▸ PROMPT
Beginning with the first line below, please restate each line exactly, down to and including the line containing "text Intervalo mínimo".

THE INPUT section start

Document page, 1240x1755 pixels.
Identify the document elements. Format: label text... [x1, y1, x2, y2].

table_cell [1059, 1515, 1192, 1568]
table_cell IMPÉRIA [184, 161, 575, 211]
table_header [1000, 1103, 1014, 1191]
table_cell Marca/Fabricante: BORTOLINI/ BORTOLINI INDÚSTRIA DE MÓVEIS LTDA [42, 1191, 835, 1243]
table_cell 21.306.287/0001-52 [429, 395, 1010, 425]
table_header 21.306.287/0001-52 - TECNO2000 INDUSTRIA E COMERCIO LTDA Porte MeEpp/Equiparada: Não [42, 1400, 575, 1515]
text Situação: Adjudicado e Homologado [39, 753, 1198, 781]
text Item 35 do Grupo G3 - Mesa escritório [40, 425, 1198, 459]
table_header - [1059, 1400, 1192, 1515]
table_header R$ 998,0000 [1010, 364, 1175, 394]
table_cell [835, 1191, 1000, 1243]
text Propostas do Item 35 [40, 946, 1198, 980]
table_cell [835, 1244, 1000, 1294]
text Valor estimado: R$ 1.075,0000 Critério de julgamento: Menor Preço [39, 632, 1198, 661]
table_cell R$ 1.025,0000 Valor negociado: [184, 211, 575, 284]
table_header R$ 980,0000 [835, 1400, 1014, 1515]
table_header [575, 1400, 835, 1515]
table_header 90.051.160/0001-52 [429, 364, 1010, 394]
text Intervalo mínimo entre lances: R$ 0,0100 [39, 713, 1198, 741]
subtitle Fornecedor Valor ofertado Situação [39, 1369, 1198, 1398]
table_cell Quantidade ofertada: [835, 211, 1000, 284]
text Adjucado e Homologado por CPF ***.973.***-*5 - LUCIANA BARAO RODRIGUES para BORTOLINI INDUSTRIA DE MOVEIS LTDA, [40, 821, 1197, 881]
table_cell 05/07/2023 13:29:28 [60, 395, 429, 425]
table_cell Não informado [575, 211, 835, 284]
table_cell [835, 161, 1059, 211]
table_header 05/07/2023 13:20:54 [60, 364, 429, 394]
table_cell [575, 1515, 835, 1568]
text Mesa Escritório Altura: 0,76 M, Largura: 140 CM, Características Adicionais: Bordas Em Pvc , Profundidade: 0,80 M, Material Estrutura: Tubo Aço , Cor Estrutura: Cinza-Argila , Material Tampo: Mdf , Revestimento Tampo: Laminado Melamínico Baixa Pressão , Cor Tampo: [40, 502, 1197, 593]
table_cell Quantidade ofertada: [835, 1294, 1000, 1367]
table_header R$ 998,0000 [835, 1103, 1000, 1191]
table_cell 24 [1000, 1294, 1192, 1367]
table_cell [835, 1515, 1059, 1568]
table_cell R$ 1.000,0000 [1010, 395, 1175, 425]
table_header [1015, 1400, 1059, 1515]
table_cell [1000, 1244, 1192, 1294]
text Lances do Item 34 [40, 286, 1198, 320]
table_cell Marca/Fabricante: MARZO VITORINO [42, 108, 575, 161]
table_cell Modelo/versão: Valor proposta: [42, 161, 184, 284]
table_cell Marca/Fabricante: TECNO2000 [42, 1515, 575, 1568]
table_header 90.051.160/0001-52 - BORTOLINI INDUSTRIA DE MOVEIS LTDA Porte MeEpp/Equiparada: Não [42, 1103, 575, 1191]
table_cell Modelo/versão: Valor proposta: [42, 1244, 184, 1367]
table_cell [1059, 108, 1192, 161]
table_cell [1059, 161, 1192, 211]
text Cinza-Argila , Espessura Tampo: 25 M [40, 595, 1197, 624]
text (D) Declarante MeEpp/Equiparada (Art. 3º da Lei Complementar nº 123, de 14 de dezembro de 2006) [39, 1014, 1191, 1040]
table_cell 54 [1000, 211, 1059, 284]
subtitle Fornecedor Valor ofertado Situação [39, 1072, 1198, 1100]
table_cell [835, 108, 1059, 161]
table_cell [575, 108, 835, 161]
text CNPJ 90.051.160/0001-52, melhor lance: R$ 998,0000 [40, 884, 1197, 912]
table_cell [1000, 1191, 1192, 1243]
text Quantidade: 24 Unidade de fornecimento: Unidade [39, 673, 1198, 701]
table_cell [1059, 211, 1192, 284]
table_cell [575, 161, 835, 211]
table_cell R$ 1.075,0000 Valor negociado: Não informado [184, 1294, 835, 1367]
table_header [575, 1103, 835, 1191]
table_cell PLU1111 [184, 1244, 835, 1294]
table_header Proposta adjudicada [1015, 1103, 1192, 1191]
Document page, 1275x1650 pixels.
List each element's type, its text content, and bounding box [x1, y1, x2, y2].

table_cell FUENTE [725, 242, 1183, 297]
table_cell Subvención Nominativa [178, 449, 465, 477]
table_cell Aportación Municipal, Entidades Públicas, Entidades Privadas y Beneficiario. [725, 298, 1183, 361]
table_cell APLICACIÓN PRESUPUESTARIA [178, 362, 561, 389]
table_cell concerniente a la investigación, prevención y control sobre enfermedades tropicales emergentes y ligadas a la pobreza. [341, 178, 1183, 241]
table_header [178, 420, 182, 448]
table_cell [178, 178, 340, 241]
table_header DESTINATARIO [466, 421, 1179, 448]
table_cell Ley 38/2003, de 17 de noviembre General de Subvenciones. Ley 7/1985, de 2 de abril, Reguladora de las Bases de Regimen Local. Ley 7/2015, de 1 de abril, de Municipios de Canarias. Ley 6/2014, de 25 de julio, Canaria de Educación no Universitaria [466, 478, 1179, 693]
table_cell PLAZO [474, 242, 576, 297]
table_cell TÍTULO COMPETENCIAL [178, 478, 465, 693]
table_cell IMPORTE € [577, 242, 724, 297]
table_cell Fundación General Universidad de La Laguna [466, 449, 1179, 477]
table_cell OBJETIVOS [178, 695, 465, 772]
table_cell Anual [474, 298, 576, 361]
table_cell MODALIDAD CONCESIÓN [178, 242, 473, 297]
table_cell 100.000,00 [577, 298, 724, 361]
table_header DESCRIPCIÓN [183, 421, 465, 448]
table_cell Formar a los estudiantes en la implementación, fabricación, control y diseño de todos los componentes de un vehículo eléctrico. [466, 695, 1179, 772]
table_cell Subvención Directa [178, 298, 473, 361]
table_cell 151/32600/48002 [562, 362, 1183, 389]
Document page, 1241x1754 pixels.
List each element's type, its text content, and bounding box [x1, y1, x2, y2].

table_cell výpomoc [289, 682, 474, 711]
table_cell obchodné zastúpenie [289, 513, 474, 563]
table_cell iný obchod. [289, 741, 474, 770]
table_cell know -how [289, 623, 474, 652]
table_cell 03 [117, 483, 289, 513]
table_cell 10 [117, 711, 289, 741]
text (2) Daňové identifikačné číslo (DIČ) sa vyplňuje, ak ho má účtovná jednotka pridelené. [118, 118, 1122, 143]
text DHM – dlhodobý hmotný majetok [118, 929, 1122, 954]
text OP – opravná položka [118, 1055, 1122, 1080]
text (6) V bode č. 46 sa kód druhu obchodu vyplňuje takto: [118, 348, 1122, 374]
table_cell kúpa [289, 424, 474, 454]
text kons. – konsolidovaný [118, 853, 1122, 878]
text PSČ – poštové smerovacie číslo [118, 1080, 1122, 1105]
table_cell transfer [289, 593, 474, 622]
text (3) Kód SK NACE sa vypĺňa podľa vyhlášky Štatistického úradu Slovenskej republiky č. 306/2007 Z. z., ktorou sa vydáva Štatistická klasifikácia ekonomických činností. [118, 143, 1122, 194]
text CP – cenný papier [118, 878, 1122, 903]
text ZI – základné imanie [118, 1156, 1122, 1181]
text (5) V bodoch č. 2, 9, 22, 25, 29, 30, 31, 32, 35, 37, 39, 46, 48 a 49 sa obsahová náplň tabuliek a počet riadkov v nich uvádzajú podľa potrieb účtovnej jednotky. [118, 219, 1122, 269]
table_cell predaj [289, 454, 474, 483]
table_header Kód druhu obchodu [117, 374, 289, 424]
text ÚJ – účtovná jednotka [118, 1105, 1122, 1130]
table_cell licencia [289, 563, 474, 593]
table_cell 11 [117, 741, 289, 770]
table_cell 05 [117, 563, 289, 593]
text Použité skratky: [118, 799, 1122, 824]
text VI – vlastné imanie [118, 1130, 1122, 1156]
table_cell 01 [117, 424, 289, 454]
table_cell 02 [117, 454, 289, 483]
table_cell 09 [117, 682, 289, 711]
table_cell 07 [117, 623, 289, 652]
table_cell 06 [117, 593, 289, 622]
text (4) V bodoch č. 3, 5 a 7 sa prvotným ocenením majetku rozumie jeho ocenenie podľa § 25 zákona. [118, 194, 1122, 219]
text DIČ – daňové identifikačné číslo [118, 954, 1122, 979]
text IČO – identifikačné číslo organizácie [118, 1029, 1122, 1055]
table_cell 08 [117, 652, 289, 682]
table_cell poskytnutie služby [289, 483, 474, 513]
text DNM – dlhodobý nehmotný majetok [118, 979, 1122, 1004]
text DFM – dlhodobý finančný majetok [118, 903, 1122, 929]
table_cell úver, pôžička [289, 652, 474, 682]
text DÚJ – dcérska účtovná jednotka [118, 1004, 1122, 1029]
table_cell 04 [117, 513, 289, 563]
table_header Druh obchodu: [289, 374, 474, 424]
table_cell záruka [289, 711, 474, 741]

THE INPUT section end

▸ WRITTEN REPLY
Document page, 1240x1755 pixels.
Identify the document elements. Format: label text... [x1, y1, x2, y2].

table_cell [1059, 1515, 1192, 1568]
table_cell IMPÉRIA [184, 161, 575, 211]
table_header [1000, 1103, 1014, 1191]
table_cell Marca/Fabricante: BORTOLINI/ BORTOLINI INDÚSTRIA DE MÓVEIS LTDA [42, 1191, 835, 1243]
table_cell 21.306.287/0001-52 [429, 395, 1010, 425]
table_header 21.306.287/0001-52 - TECNO2000 INDUSTRIA E COMERCIO LTDA Porte MeEpp/Equiparada: Não [42, 1400, 575, 1515]
text Situação: Adjudicado e Homologado [39, 753, 1198, 781]
text Item 35 do Grupo G3 - Mesa escritório [40, 425, 1198, 459]
table_header - [1059, 1400, 1192, 1515]
table_header R$ 998,0000 [1010, 364, 1175, 394]
table_cell [835, 1191, 1000, 1243]
text Propostas do Item 35 [40, 946, 1198, 980]
table_cell [835, 1244, 1000, 1294]
text Valor estimado: R$ 1.075,0000 Critério de julgamento: Menor Preço [39, 632, 1198, 661]
table_cell R$ 1.025,0000 Valor negociado: [184, 211, 575, 284]
table_header R$ 980,0000 [835, 1400, 1014, 1515]
table_header [575, 1400, 835, 1515]
table_header 90.051.160/0001-52 [429, 364, 1010, 394]
text Intervalo mínimo entre lances: R$ 0,0100 [39, 713, 1198, 741]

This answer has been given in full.